В свои 86 лет Василий Яковлевич в хорошей физической форме, с прекрасной памятью. «Отца своего я по годам пережил, - рассказывает он, - а мама умерла в 90 лет». Несмотря на военное детство, трудности и лишения, живет ветеран интересно. Привитая школьной учительницей по литературе любовь к чтению обернулась писательским зудом. Из-под пера пожилого штукатура льются на бумагу щемящие строки о детских впечатлениях.

Из рассказа «Путешествие в детство»

«...И вдруг в наше счастливое безоблачное детство вторглось страшное слово »война«. Первым признаком надвигающихся бед стали проводы мужчин. На подводах ехали на пристань мобилизованные. На одной из них ехал мамин брат. Они с матерью обнялись, попрощались. С фронта он не вернулся, пропал без вести. С пристани ехали беженцы, потом в городе появились эвакуированные. Цены на базаре тут же подскочили вдвое, появились очереди за хлебом по карточкам. На ладони химическим карандашом писали номер.

Потом вместо хлеба по карточкам стали отоваривать овсяную муку с отрубями. Из них делали овсяный кисель, жидкий, потому что отруби замачивали несколько раз. Зима 1941 года была особенно трудной. Не было ни еды, ни дров. А тут еще мама сломала руку. Она работала прачкой в хирургическом отделении. Мыло, которое им давали по норме в больнице, она старалась экономить, чтобы потом обменять на картошку. Белье стирали руками, и пальцы мама обдирала в кровь. Что такое белье хирургического отделения, знают только прачки.
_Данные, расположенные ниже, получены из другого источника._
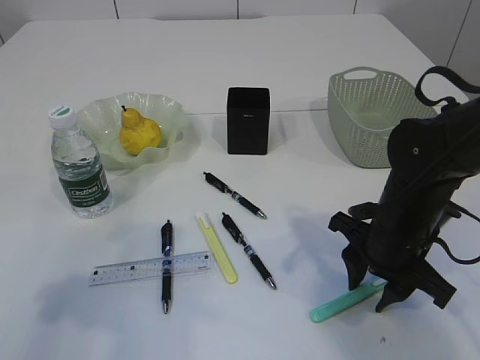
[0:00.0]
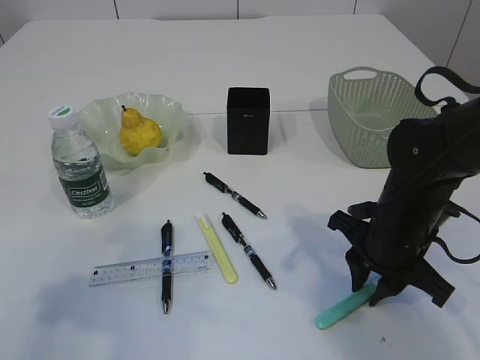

Бывало, шли мы с матерью в деревню по дороге. В котомке мыло и кое-какие вещички на обмен. Мать, молодая, еще красивая женщина, очень стеснялась входить в избу. Нужно было не столько торговаться, сколько выпрашивать. Часто я видел на ее лице слезы...»

- Много еще чего можно вспомнить из того голодного и тревожного времени, - сказал мне на прощание ветеран. - Главное, чтобы нашим детям и внукам не довелось испытать то, что пережили мы.